- _Problem_: From the data below, repeat exactly the lines from the line with "Rendered at 1241 by 1754 pixels." to the line with "Identify the document", both included.

- _Supplied material_:

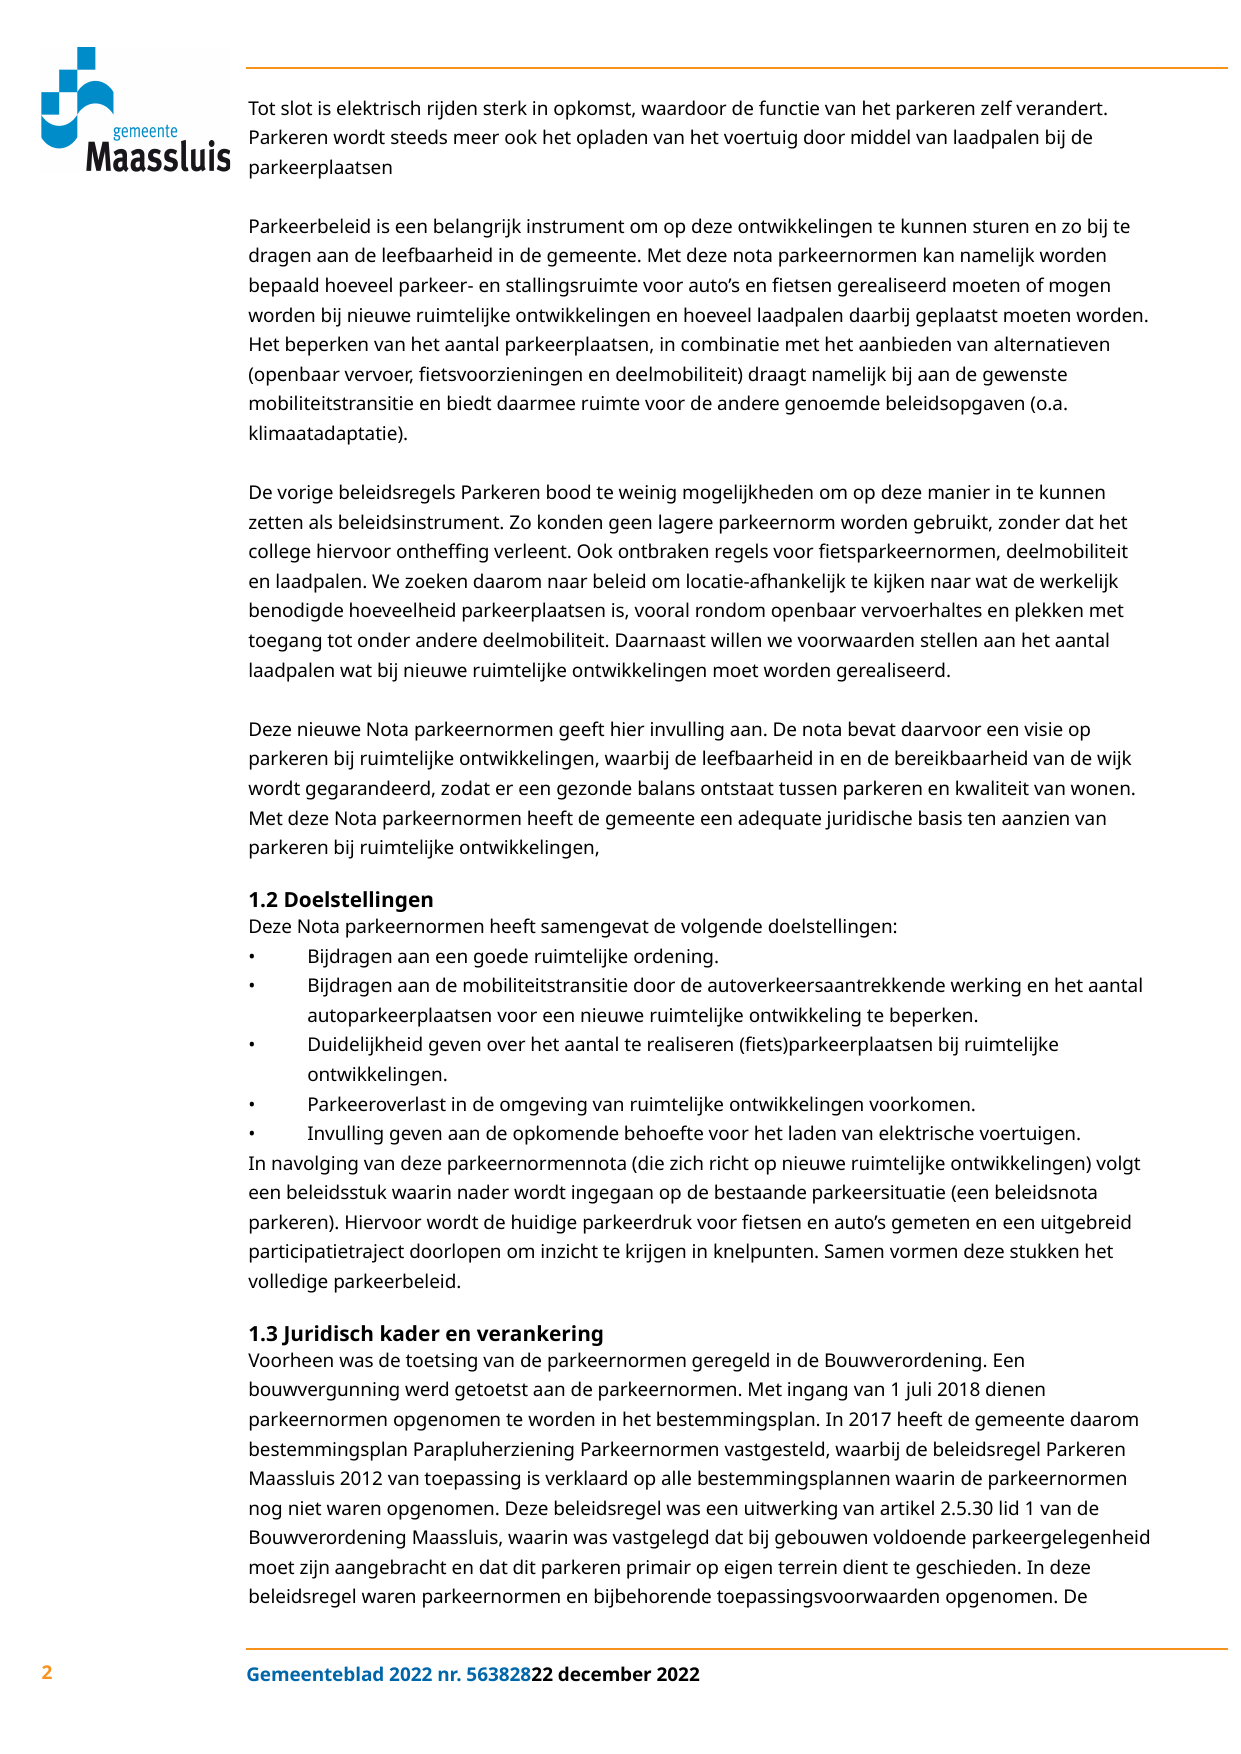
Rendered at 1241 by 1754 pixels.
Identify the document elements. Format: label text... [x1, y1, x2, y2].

--

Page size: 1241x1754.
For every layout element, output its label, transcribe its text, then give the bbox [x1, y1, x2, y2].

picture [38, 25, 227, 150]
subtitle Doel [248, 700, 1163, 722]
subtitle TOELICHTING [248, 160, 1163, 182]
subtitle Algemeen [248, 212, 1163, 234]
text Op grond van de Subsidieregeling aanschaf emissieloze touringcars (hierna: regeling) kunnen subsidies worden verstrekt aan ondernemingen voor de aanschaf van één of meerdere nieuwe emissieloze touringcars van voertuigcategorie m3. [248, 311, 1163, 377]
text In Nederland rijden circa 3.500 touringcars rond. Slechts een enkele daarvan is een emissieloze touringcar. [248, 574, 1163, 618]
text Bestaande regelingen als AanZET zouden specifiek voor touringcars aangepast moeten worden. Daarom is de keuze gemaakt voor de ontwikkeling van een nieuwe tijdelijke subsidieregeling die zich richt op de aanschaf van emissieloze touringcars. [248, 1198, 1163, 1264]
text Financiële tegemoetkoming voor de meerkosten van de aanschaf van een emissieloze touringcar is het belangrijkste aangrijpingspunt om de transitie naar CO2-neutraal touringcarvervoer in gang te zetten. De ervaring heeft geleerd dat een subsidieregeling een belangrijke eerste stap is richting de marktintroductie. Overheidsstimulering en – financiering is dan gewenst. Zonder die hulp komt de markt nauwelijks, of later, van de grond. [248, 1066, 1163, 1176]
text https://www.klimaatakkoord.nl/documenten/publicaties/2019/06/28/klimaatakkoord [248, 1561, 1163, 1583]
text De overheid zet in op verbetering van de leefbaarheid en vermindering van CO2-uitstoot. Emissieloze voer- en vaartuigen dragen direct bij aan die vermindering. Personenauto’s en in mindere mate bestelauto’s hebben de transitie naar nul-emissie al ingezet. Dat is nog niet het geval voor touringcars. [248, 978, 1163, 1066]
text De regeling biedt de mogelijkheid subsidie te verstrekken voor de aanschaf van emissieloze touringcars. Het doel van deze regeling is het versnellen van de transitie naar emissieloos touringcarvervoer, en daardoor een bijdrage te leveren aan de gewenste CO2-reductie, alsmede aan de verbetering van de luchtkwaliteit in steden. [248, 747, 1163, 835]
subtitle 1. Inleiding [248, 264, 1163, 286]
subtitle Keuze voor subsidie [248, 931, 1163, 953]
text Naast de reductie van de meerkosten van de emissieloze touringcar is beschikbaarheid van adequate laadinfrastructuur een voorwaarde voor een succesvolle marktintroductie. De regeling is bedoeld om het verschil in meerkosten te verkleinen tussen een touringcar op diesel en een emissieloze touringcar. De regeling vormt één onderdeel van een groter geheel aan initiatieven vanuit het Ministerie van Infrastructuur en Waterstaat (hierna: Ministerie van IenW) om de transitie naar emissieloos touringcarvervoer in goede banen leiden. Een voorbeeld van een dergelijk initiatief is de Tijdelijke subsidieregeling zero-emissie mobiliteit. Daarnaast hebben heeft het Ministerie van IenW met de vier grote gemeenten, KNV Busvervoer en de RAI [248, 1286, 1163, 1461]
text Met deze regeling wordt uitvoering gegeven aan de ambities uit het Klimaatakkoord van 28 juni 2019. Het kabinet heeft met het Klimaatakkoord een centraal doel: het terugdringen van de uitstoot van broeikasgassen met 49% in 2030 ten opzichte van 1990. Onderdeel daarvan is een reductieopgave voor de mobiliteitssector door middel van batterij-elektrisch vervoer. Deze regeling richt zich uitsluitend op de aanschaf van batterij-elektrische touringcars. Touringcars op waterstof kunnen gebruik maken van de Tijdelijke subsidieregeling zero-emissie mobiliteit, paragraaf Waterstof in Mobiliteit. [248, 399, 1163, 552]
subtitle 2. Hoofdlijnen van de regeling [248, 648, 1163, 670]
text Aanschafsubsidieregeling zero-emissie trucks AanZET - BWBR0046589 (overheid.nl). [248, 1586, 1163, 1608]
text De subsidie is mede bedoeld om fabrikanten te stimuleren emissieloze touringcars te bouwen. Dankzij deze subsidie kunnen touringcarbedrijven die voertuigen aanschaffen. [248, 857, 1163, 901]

- _Answer for the task_:
Rendered at 1241 by 1754 pixels.
Identify the document elements. Format: label text... [x1, y1, x2, y2].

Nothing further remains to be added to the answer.